Personal details
- Born: 7 July 1977 (age 48)
- Spouse: Ellen Buck-McFadyen
- Alma mater: Queen's University
- Occupation: Educator

= Andrew McFadyen =

Canadian nonprofit executive (born 1977)

Andrew McFadyen (born 1977) is the Executive Director of The Isaac Foundation. He founded The Isaac Foundation, a non-profit organization, to fund viable and innovative research projects that aim to find a cure for MPS VI, a rare and progressive disease of which his eldest son, Isaac, was diagnosed. The Isaac Foundation has funded numerous international research grants since 2006, totalling well over $1 million. Isaac, the McFadyens, and The Isaac Foundation, have been featured in articles in newspapers throughout the United States and Canada, includingThe Globe and Mail, The Independent, Kingston Life Magazine, and Sun Media.

McFadyen has led numerous advocacy efforts throughout North America, succeeding in having government decisions reversed.

He is a member of the NYU Working Group on Compassionate Use and Preapproval Access (CUPA). He is an associate fellow of the GE2P2 Global Foundation and is a member of its Independent Bioethics Advisory Committee (IBAC). The Committee provides bioethics consultative services to commercial and other biopharma organizations on clinical trials, expanded access programs for investigational medicines and therapies, and in other areas. In 2016, McFadyen testified as an expert witness to the US Senate Committee of Homeland Security and Government Affairs regarding "Exploring A Right To Try For Terminally Ill Patients". He has written extensively on the subject and has been quoted in news articles regarding the legislation.

McFadyen has contributed to shaping public policy throughout Canada with respect to availability of million dollar per-year treatments for children dying from rare diseases, and continues to work and support families as they deal with the struggles of diagnosis and its ramifications. McFadyen and The Isaac Foundation were featured in the fall edition of GO Magazine and the Clinical Leader for their work with families dealing with MPS diseases throughout Canada. In 2014, He was featured on Global National's Everyday Heroes segment.

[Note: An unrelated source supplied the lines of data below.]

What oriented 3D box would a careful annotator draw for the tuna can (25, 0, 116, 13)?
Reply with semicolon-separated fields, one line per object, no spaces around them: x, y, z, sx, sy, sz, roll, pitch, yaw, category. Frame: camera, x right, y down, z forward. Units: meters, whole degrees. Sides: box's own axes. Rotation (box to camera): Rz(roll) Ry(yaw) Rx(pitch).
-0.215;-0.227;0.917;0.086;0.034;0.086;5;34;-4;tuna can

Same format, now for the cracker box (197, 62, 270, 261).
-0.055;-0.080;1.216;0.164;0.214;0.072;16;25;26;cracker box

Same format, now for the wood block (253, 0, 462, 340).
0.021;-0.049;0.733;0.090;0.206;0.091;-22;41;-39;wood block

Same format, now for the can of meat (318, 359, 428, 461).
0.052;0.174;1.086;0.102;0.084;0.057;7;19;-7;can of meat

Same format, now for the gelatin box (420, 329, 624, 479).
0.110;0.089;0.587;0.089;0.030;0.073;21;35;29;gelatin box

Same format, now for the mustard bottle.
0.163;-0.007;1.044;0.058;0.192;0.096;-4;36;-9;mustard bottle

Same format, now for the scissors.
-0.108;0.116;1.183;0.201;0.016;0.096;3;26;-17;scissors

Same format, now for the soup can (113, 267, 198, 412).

The Isaac Foundation has found public support and advocacy in musicians (John Mayer, Ron Sexsmith, The Tragically Hip, and Danny Michel), and sports figures (Toronto Blue Jays' pitcher, Roy Halladay).

In 2013, McFadyen created a second non-profit corporation called Equal Access for Rare Disorders to work toward fair and equitable access to treatments for children affected by rare diseases throughout Canada and the United States.

McFadyen is a former educator and writer, having taught for 16 years as a 7/8 teacher for the Limestone District School Board. He received his Bachelor of Arts and his Bachelor of Education degrees from Queen's University. McFadyen is the author of the 2008 educational resource, The Educator's Guide to the Vinyl Cafe, planned and collaboratively written with Stuart McLean, host of CBC radio's The Vinyl Cafe. McFadyen has been a guest lecturer at Queen's University's Faculty of Education, lecturing to education students and to International Education Professors. He is a Teaching Excellence Fellow for Queen's University's Interactive Technology program.